Records for processing:
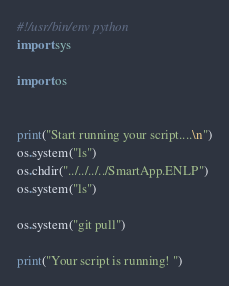<code> <loc_0><loc_0><loc_500><loc_500><_Python_>#!/usr/bin/env python
import sys

import os


print("Start running your script....\n")
os.system("ls")
os.chdir("../../../../SmartApp.ENLP")
os.system("ls")

os.system("git pull")

print("Your script is running! ")
</code> 
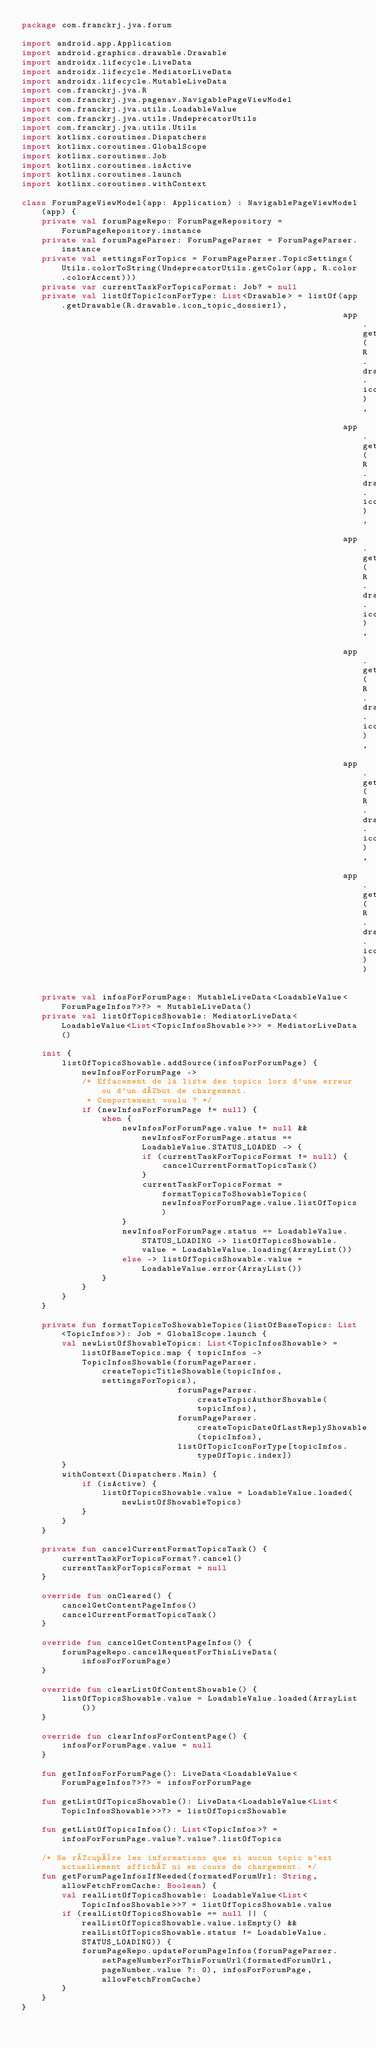Convert code to text. <code><loc_0><loc_0><loc_500><loc_500><_Kotlin_>package com.franckrj.jva.forum

import android.app.Application
import android.graphics.drawable.Drawable
import androidx.lifecycle.LiveData
import androidx.lifecycle.MediatorLiveData
import androidx.lifecycle.MutableLiveData
import com.franckrj.jva.R
import com.franckrj.jva.pagenav.NavigablePageViewModel
import com.franckrj.jva.utils.LoadableValue
import com.franckrj.jva.utils.UndeprecatorUtils
import com.franckrj.jva.utils.Utils
import kotlinx.coroutines.Dispatchers
import kotlinx.coroutines.GlobalScope
import kotlinx.coroutines.Job
import kotlinx.coroutines.isActive
import kotlinx.coroutines.launch
import kotlinx.coroutines.withContext

class ForumPageViewModel(app: Application) : NavigablePageViewModel(app) {
    private val forumPageRepo: ForumPageRepository = ForumPageRepository.instance
    private val forumPageParser: ForumPageParser = ForumPageParser.instance
    private val settingsForTopics = ForumPageParser.TopicSettings(Utils.colorToString(UndeprecatorUtils.getColor(app, R.color.colorAccent)))
    private var currentTaskForTopicsFormat: Job? = null
    private val listOfTopicIconForType: List<Drawable> = listOf(app.getDrawable(R.drawable.icon_topic_dossier1),
                                                                app.getDrawable(R.drawable.icon_topic_dossier2),
                                                                app.getDrawable(R.drawable.icon_topic_lock_light),
                                                                app.getDrawable(R.drawable.icon_topic_marque_on),
                                                                app.getDrawable(R.drawable.icon_topic_marque_off),
                                                                app.getDrawable(R.drawable.icon_topic_ghost),
                                                                app.getDrawable(R.drawable.icon_topic_resolu))

    private val infosForForumPage: MutableLiveData<LoadableValue<ForumPageInfos?>?> = MutableLiveData()
    private val listOfTopicsShowable: MediatorLiveData<LoadableValue<List<TopicInfosShowable>>> = MediatorLiveData()

    init {
        listOfTopicsShowable.addSource(infosForForumPage) { newInfosForForumPage ->
            /* Effacement de la liste des topics lors d'une erreur ou d'un début de chargement.
             * Comportement voulu ? */
            if (newInfosForForumPage != null) {
                when {
                    newInfosForForumPage.value != null && newInfosForForumPage.status == LoadableValue.STATUS_LOADED -> {
                        if (currentTaskForTopicsFormat != null) {
                            cancelCurrentFormatTopicsTask()
                        }
                        currentTaskForTopicsFormat = formatTopicsToShowableTopics(newInfosForForumPage.value.listOfTopics)
                    }
                    newInfosForForumPage.status == LoadableValue.STATUS_LOADING -> listOfTopicsShowable.value = LoadableValue.loading(ArrayList())
                    else -> listOfTopicsShowable.value = LoadableValue.error(ArrayList())
                }
            }
        }
    }

    private fun formatTopicsToShowableTopics(listOfBaseTopics: List<TopicInfos>): Job = GlobalScope.launch {
        val newListOfShowableTopics: List<TopicInfosShowable> = listOfBaseTopics.map { topicInfos ->
            TopicInfosShowable(forumPageParser.createTopicTitleShowable(topicInfos, settingsForTopics),
                               forumPageParser.createTopicAuthorShowable(topicInfos),
                               forumPageParser.createTopicDateOfLastReplyShowable(topicInfos),
                               listOfTopicIconForType[topicInfos.typeOfTopic.index])
        }
        withContext(Dispatchers.Main) {
            if (isActive) {
                listOfTopicsShowable.value = LoadableValue.loaded(newListOfShowableTopics)
            }
        }
    }

    private fun cancelCurrentFormatTopicsTask() {
        currentTaskForTopicsFormat?.cancel()
        currentTaskForTopicsFormat = null
    }

    override fun onCleared() {
        cancelGetContentPageInfos()
        cancelCurrentFormatTopicsTask()
    }

    override fun cancelGetContentPageInfos() {
        forumPageRepo.cancelRequestForThisLiveData(infosForForumPage)
    }

    override fun clearListOfContentShowable() {
        listOfTopicsShowable.value = LoadableValue.loaded(ArrayList())
    }

    override fun clearInfosForContentPage() {
        infosForForumPage.value = null
    }

    fun getInfosForForumPage(): LiveData<LoadableValue<ForumPageInfos?>?> = infosForForumPage

    fun getListOfTopicsShowable(): LiveData<LoadableValue<List<TopicInfosShowable>>?> = listOfTopicsShowable

    fun getListOfTopicsInfos(): List<TopicInfos>? = infosForForumPage.value?.value?.listOfTopics

    /* Ne récupère les informations que si aucun topic n'est actuellement affiché ni en cours de chargement. */
    fun getForumPageInfosIfNeeded(formatedForumUrl: String, allowFetchFromCache: Boolean) {
        val realListOfTopicsShowable: LoadableValue<List<TopicInfosShowable>>? = listOfTopicsShowable.value
        if (realListOfTopicsShowable == null || (realListOfTopicsShowable.value.isEmpty() && realListOfTopicsShowable.status != LoadableValue.STATUS_LOADING)) {
            forumPageRepo.updateForumPageInfos(forumPageParser.setPageNumberForThisForumUrl(formatedForumUrl, pageNumber.value ?: 0), infosForForumPage, allowFetchFromCache)
        }
    }
}
</code>

Problem to solve:
Above are the entries. Copy exactly the part that opens with the line containing "import androidx.lifecycle.LiveData" and closes with the line containing "import com.franckrj.jva.utils.LoadableValue", and no more.

Your solution:
import androidx.lifecycle.LiveData
import androidx.lifecycle.MediatorLiveData
import androidx.lifecycle.MutableLiveData
import com.franckrj.jva.R
import com.franckrj.jva.pagenav.NavigablePageViewModel
import com.franckrj.jva.utils.LoadableValue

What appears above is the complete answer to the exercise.